Alan Murrin, Lucy Caldwell and Sarah Crossan at Waterstones TCR

Alan Murrin, Lucy Caldwell and Sarah Crossan at Waterstones TCR

Join us to celebrate Alan Murrin, Lucy Caldwell and Sophie Crossan upcoming books! With Erica Wagner hosting this marvellous event.

By Waterstones

Date and time

Starts on Tue, 14 May 2024 19:00 GMT+1

Location

Waterstones

19-21 Tottenham Court Road London W1T 1BJ United Kingdom

Refund Policy

No Refunds

About this event

THE COAST ROAD

It’s 1994 in County Donegal, Ireland, and everyone is talking about Colette Crowley – the writer, the bohemian, the woman who left her husband and sons to pursue a relationship with a married man in Dublin. But now Colette is back, and nobody knows why. Returning to the community to try and reclaim her old life, Colette quickly learns that they are unwilling to give it back to her.

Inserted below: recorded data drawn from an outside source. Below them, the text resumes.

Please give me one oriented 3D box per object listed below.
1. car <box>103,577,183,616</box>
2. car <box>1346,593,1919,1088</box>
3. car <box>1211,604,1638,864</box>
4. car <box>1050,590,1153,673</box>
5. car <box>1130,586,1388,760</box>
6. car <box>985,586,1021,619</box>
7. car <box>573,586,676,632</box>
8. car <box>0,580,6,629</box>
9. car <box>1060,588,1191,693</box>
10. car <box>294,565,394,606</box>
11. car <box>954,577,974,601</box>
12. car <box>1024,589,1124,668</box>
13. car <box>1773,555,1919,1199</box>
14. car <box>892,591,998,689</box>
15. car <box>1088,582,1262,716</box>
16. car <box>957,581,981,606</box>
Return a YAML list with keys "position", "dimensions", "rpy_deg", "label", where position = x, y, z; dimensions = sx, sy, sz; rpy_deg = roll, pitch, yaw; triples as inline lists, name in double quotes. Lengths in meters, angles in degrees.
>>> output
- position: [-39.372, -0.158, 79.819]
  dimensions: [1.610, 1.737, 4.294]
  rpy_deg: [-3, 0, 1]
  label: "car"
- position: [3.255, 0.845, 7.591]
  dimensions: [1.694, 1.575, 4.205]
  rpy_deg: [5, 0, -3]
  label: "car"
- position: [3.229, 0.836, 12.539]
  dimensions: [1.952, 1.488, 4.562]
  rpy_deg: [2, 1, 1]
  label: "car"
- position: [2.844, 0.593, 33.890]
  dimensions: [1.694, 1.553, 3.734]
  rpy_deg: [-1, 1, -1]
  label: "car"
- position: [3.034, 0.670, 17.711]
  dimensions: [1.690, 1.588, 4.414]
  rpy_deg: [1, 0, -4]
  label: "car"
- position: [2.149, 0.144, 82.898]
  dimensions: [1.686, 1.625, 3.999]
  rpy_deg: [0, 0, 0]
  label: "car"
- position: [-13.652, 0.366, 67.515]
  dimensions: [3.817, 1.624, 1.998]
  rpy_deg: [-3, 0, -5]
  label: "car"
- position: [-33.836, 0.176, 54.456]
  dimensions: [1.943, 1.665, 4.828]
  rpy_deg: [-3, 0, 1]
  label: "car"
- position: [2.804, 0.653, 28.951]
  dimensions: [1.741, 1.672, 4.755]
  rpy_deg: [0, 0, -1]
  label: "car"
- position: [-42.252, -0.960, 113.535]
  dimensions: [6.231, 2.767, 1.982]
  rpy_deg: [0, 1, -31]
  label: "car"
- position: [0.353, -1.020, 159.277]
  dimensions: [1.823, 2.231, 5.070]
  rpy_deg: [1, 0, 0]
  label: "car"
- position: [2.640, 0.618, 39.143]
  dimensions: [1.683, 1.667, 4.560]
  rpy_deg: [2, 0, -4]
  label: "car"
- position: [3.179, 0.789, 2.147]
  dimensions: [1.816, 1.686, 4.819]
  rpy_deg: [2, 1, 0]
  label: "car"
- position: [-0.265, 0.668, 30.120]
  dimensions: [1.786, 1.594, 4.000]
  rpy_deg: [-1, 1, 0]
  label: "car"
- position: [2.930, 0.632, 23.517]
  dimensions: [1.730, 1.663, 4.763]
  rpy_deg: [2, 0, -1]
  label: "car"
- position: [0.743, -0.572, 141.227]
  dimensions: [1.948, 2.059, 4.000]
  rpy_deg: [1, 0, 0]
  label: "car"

Alan Murrin is an Irish fiction writer.The Coast Road’ is his debut novel, but he has gained critical acclaim through his short stories. In 2021 he was the winner of the Bournemouth Writing Prize for his short story The Wake’, which went on to be shortlisted for short story of the year at the Irish Book Awards and was published in the collection Waves of Change’. In 2023 he was awarded an Irish Arts Council Next Generation Award. He is a graduate of the prose fiction masters at the University of East Anglia. His work was featured as part of the New Irish Writing series in the Irish Independent.


OPENINGS

From a passionate affair in Blitz-era London, to a highly charged Christmas party in Belfast, to a trip to Marrakech which could form a new family, the thirteen striking stories of ‘Openings’ pulse with possibility and illuminate those fleeting but recognisable moments of heartbreak and hope that can change the course of a life.

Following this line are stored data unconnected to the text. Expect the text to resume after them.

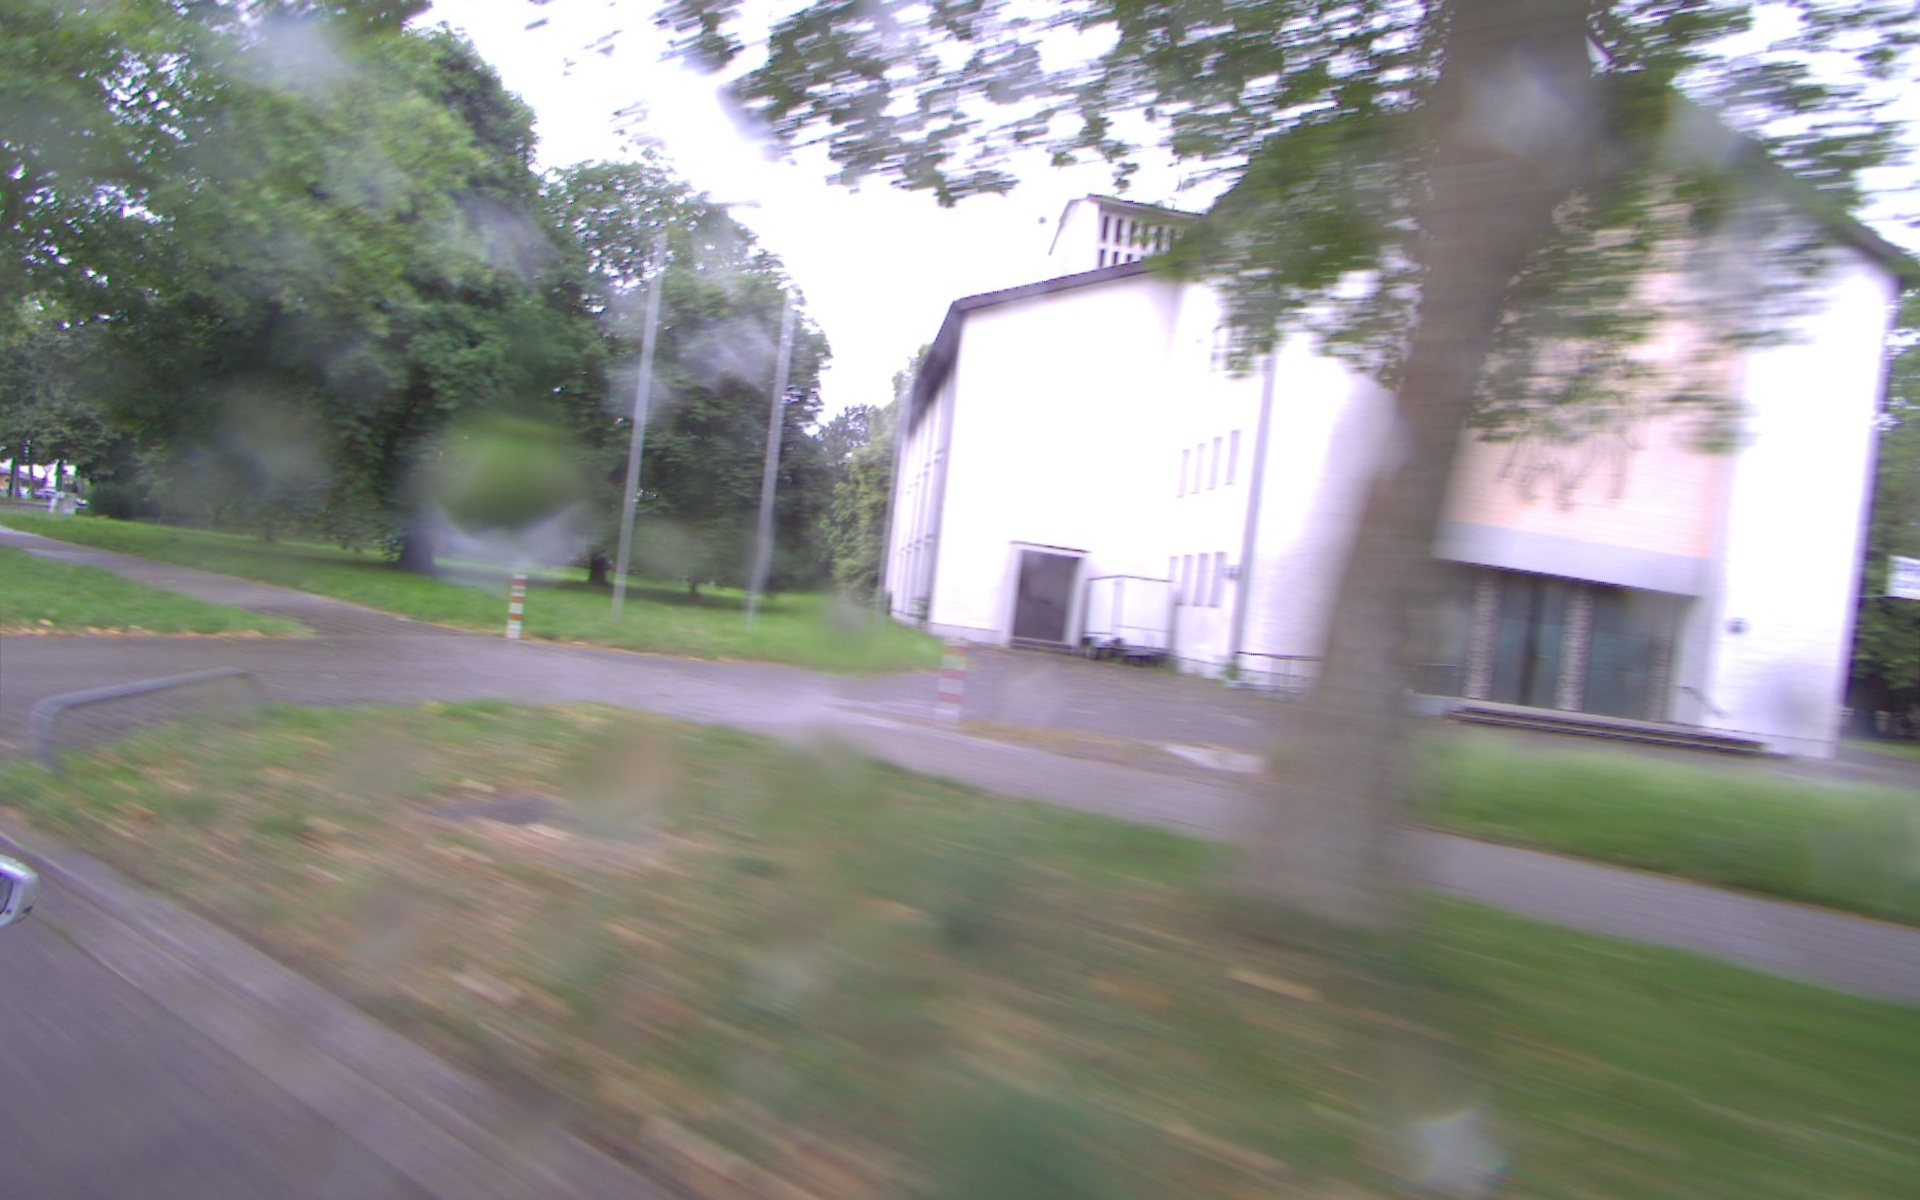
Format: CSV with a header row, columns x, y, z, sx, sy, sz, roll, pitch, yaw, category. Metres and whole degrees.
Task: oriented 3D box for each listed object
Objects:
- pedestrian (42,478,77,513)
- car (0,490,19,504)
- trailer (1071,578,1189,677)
x,y,z,sx,sy,sz,roll,pitch,yaw,category
-48.622,-5.627,54.344,1.019,1.716,0.851,6,1,-17,pedestrian
-126.256,-13.687,131.974,3.717,1.460,1.750,7,0,-27,car
4.582,0.671,27.743,1.859,2.337,4.014,6,0,-8,trailer

Lucy Caldwell was born in Belfast in 1981. She is the author of four novels, several stage plays and radio dramas, and two previous collections of short stories:’Multitudes’ and ‘Intimacies’. She won the BBC National Short Story Award in 2021 for ‘All the People Were Mean and Bad'. Other awards include the Rooney Prize for Irish Literature, the George Devine Award, the Dylan Thomas Prize – for her novel ‘The Meeting Point’ – and a Major Individual Artist Award from the Arts Council of Northern Ireland. She is the winner of the 2022 E. M. Forster Award. Lucy was elected a Fellow of the Royal Society of Literature in 2018 and in 2019 she was the editor of ‘Being Various: New Irish Short Stories.’



HEY, ZOEY

Imagine discovering an animatronic sex doll hidden in the garage. What would you do? Dolores initially does nothing. She assumes the doll belongs to her husband, David, and their relationship is already strained. They’re not young, they’re not old; they have no children, they keep up with the markers of being middle class and Dolores is well versed in keeping men’s secrets.


Sarah Crossan grew up in Dublin and emigrated to the U.K. when she was six years old, later studying at The University of Warwick and The University of Cambridge. Sarah’s novels ‘The Weight of Water’, ‘Apple’ and ‘Rain’ were twice shortlisted for the CILIP Carnegie Medal and the CBI Book of the Year and in 2016, Sarah won the CILIP Carnegie Medal and CBI Book of the Year as well as the YA Book Prize, the CLiPPA Poetry Award, and many other awards for her novel, ‘One’, a novel in verse about a set of conjoined twins. Sarah’s novels have been translated into more than twenty languages and her debut, ‘The Weight of Water’, has been adapted for the stage four times. Several of her books have been optioned for film and TV.